■ Your assignment
Please repeat every entry exactly as given, apart from dropping the images.

[Extracted records]
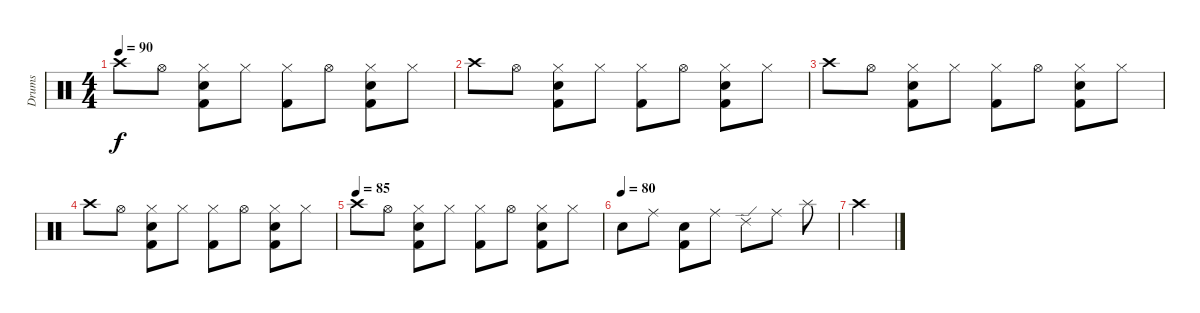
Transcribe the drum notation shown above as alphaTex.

\track ("Drums" "Drums") {instrument percussion}
\staff {score}
\articulation defaults
\ts (4 4)
\tempo 90
\clef neutral
\ks c "Crash high (hit)".8{dy f} "Hi-Hat (open)".8
("Kick (hit) 2" "Snare (hit) 2" "Hi-Hat (closed)").8 "Hi-Hat (closed)".8 ("Kick (hit) 2" "Hi-Hat (closed)").8 "Hi-Hat (open)".8 ("Kick (hit) 2" "Snare (hit) 2" "Hi-Hat (closed)").8 "Hi-Hat (closed)".8 |
"Crash high (hit)".8 "Hi-Hat (open)".8 ("Kick (hit) 2" "Snare (hit) 2" "Hi-Hat (closed)").8 "Hi-Hat (closed)".8 ("Kick (hit) 2" "Hi-Hat (closed)").8 "Hi-Hat (open)".8 ("Kick (hit) 2" "Snare (hit) 2" "Hi-Hat (closed)").8 "Hi-Hat (closed)".8 |
"Crash high (hit)".8 "Hi-Hat (open)".8 ("Kick (hit) 2" "Snare (hit) 2" "Hi-Hat (closed)").8 "Hi-Hat (closed)".8 ("Kick (hit) 2" "Hi-Hat (closed)").8 "Hi-Hat (open)".8 ("Kick (hit) 2" "Snare (hit) 2" "Hi-Hat (closed)").8 "Hi-Hat (closed)".8 |
"Crash high (hit)".8 "Hi-Hat (open)".8 ("Kick (hit) 2" "Snare (hit) 2" "Hi-Hat (closed)").8 "Hi-Hat (closed)".8 ("Kick (hit) 2" "Hi-Hat (closed)").8 "Hi-Hat (open)".8 ("Kick (hit) 2" "Snare (hit) 2" "Hi-Hat (closed)").8 "Hi-Hat (closed)".8 |
\tempo (85)
"Crash high (hit)".8 "Hi-Hat (open)".8 ("Kick (hit) 2" "Snare (hit) 2" "Hi-Hat (closed)").8 "Hi-Hat (closed)".8 ("Kick (hit) 2" "Hi-Hat (closed)").8 "Hi-Hat (open)".8 ("Kick (hit) 2" "Snare (hit) 2" "Hi-Hat (closed)").8 "Hi-Hat (closed)".8 |
\tempo (80)
"Snare (hit) 2".8 "Ride (middle)".8 ("Kick (hit) 2" "Snare (hit) 2").8 "Ride (middle)".8 "Ride (edge) 2".8 "Ride (middle)".8 "Splash (hit)".8 |
"Crash high (hit)".4

■ Result of this task
Transcribe the drum notation shown above as alphaTex.

\track ("Drums" "Drums") {instrument percussion}
\staff {score}
\articulation defaults
\ts (4 4)
\tempo 90
\clef neutral
\ks c "Crash high (hit)".8{dy f} "Hi-Hat (open)".8
("Kick (hit) 2" "Snare (hit) 2" "Hi-Hat (closed)").8 "Hi-Hat (closed)".8 ("Kick (hit) 2" "Hi-Hat (closed)").8 "Hi-Hat (open)".8 ("Kick (hit) 2" "Snare (hit) 2" "Hi-Hat (closed)").8 "Hi-Hat (closed)".8 |
"Crash high (hit)".8 "Hi-Hat (open)".8 ("Kick (hit) 2" "Snare (hit) 2" "Hi-Hat (closed)").8 "Hi-Hat (closed)".8 ("Kick (hit) 2" "Hi-Hat (closed)").8 "Hi-Hat (open)".8 ("Kick (hit) 2" "Snare (hit) 2" "Hi-Hat (closed)").8 "Hi-Hat (closed)".8 |
"Crash high (hit)".8 "Hi-Hat (open)".8 ("Kick (hit) 2" "Snare (hit) 2" "Hi-Hat (closed)").8 "Hi-Hat (closed)".8 ("Kick (hit) 2" "Hi-Hat (closed)").8 "Hi-Hat (open)".8 ("Kick (hit) 2" "Snare (hit) 2" "Hi-Hat (closed)").8 "Hi-Hat (closed)".8 |
"Crash high (hit)".8 "Hi-Hat (open)".8 ("Kick (hit) 2" "Snare (hit) 2" "Hi-Hat (closed)").8 "Hi-Hat (closed)".8 ("Kick (hit) 2" "Hi-Hat (closed)").8 "Hi-Hat (open)".8 ("Kick (hit) 2" "Snare (hit) 2" "Hi-Hat (closed)").8 "Hi-Hat (closed)".8 |
\tempo (85)
"Crash high (hit)".8 "Hi-Hat (open)".8 ("Kick (hit) 2" "Snare (hit) 2" "Hi-Hat (closed)").8 "Hi-Hat (closed)".8 ("Kick (hit) 2" "Hi-Hat (closed)").8 "Hi-Hat (open)".8 ("Kick (hit) 2" "Snare (hit) 2" "Hi-Hat (closed)").8 "Hi-Hat (closed)".8 |
\tempo (80)
"Snare (hit) 2".8 "Ride (middle)".8 ("Kick (hit) 2" "Snare (hit) 2").8 "Ride (middle)".8 "Ride (edge) 2".8 "Ride (middle)".8 "Splash (hit)".8 |
"Crash high (hit)".4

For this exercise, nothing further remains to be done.